# [TASK DIRECTIONS]
From the records below, set down exactly the lines starting with the line that contains "fontDict.Put(PdfName.Widths, widthsArray);" and going on through the line that contains "in millions)<fcel>Cash and". Nothing else is wanted.

# [PROVIDED INFORMATION]

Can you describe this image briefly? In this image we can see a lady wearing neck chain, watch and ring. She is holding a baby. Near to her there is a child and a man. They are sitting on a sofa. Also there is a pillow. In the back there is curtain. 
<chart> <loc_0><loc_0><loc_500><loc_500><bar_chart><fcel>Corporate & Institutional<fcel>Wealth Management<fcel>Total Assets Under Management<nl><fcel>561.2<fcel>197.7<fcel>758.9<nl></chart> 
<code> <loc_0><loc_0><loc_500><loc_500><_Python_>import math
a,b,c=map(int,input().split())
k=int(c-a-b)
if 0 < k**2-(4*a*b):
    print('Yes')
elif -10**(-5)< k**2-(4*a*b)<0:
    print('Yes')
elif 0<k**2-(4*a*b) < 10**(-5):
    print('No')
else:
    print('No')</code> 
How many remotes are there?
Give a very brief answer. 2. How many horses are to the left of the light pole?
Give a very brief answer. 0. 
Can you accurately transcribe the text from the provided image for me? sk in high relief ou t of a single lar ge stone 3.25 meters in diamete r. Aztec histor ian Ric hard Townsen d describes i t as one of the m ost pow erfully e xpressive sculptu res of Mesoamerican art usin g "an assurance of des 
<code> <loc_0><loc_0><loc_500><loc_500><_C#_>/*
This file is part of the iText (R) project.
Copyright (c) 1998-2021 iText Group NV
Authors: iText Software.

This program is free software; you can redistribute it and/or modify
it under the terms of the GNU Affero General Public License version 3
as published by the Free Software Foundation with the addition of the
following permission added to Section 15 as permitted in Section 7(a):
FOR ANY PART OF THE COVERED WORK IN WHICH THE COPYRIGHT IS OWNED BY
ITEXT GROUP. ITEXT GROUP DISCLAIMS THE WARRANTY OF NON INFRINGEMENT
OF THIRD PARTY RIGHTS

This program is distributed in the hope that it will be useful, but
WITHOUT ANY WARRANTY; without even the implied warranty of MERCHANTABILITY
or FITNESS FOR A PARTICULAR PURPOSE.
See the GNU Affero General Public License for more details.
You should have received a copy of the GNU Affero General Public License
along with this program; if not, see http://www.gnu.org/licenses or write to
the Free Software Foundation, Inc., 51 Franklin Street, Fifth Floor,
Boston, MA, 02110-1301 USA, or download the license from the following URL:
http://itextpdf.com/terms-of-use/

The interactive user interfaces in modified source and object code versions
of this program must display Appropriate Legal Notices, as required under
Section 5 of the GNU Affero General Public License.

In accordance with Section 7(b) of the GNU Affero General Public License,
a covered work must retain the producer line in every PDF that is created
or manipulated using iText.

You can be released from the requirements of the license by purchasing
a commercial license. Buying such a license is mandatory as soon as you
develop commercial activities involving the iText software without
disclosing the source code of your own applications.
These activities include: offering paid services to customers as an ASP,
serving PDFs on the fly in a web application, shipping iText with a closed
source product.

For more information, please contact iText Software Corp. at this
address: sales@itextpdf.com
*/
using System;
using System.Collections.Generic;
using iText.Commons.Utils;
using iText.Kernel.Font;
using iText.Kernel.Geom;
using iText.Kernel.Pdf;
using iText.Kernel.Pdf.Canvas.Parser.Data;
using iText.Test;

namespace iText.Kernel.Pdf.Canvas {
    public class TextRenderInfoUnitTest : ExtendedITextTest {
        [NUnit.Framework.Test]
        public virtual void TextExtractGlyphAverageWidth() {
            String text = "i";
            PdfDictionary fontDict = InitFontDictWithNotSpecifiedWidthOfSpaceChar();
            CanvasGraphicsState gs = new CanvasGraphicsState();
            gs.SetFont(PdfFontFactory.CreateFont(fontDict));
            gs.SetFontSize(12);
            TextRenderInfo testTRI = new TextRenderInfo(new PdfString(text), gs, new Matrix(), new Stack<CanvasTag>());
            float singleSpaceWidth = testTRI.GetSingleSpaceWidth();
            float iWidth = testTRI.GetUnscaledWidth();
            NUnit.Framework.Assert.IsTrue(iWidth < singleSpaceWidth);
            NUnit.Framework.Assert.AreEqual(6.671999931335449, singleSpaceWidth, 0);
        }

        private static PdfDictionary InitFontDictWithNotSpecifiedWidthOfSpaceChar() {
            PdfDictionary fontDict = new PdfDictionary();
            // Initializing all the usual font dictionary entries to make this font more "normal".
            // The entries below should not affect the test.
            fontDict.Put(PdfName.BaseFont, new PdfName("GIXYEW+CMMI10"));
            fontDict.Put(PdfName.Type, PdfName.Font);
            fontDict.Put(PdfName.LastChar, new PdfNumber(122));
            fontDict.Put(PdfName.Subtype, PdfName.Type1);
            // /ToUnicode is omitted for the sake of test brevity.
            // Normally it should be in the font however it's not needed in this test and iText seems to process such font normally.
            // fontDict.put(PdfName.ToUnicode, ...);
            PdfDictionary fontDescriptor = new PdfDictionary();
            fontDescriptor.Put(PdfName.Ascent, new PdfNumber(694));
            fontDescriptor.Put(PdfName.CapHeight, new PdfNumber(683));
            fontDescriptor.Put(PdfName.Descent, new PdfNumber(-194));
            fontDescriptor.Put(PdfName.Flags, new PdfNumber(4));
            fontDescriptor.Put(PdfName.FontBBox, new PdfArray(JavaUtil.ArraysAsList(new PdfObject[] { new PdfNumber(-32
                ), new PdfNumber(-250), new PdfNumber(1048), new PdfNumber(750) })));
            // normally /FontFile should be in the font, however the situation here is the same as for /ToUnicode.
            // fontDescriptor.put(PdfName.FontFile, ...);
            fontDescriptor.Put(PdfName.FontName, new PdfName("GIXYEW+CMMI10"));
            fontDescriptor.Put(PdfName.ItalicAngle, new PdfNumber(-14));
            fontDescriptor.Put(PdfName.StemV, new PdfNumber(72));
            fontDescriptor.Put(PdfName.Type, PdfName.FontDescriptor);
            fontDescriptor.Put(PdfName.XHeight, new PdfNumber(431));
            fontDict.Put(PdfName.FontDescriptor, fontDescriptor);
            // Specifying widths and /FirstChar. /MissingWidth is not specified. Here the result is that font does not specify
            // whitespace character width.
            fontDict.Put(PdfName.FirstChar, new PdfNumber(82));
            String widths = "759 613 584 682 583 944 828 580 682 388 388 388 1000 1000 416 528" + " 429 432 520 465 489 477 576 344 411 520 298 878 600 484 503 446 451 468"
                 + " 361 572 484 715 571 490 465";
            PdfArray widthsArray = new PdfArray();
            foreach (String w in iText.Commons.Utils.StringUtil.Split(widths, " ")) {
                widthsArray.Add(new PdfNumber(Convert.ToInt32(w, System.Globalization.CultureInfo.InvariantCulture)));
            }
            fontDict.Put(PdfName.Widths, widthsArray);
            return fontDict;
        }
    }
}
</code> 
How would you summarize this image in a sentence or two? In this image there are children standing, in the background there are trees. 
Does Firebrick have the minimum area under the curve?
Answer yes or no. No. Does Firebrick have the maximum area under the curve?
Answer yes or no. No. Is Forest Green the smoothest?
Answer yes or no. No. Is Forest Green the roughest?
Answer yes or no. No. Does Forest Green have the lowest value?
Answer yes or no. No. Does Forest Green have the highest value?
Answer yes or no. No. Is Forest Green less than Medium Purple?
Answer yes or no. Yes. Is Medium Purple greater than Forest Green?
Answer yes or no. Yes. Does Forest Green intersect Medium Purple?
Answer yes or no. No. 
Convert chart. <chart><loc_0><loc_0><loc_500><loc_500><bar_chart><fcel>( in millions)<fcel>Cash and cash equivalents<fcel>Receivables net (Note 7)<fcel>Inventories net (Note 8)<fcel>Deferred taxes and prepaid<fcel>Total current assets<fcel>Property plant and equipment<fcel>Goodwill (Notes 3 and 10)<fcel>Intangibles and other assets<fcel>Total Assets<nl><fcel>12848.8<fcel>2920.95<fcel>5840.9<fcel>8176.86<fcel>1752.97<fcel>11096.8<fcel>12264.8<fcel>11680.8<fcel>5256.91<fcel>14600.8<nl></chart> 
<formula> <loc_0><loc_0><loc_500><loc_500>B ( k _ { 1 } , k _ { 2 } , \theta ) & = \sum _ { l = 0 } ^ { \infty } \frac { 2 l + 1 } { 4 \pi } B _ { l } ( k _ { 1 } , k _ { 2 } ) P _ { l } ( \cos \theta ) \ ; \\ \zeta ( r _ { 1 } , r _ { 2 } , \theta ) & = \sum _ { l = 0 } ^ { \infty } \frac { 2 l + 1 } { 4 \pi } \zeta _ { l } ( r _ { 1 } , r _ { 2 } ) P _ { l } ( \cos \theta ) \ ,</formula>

# [ANSWER TO THIS TASK]
            fontDict.Put(PdfName.Widths, widthsArray);
            return fontDict;
        }
    }
}
</code> 
How would you summarize this image in a sentence or two? In this image there are children standing, in the background there are trees. 
Does Firebrick have the minimum area under the curve?
Answer yes or no. No. Does Firebrick have the maximum area under the curve?
Answer yes or no. No. Is Forest Green the smoothest?
Answer yes or no. No. Is Forest Green the roughest?
Answer yes or no. No. Does Forest Green have the lowest value?
Answer yes or no. No. Does Forest Green have the highest value?
Answer yes or no. No. Is Forest Green less than Medium Purple?
Answer yes or no. Yes. Is Medium Purple greater than Forest Green?
Answer yes or no. Yes. Does Forest Green intersect Medium Purple?
Answer yes or no. No. 
Convert chart. <chart><loc_0><loc_0><loc_500><loc_500><bar_chart><fcel>( in millions)<fcel>Cash and cash equivalents<fcel>Receivables net (Note 7)<fcel>Inventories net (Note 8)<fcel>Deferred taxes and prepaid<fcel>Total current assets<fcel>Property plant and equipment<fcel>Goodwill (Notes 3 and 10)<fcel>Intangibles and other assets<fcel>Total Assets<nl><fcel>12848.8<fcel>2920.95<fcel>5840.9<fcel>8176.86<fcel>1752.97<fcel>11096.8<fcel>12264.8<fcel>11680.8<fcel>5256.91<fcel>14600.8<nl></chart> 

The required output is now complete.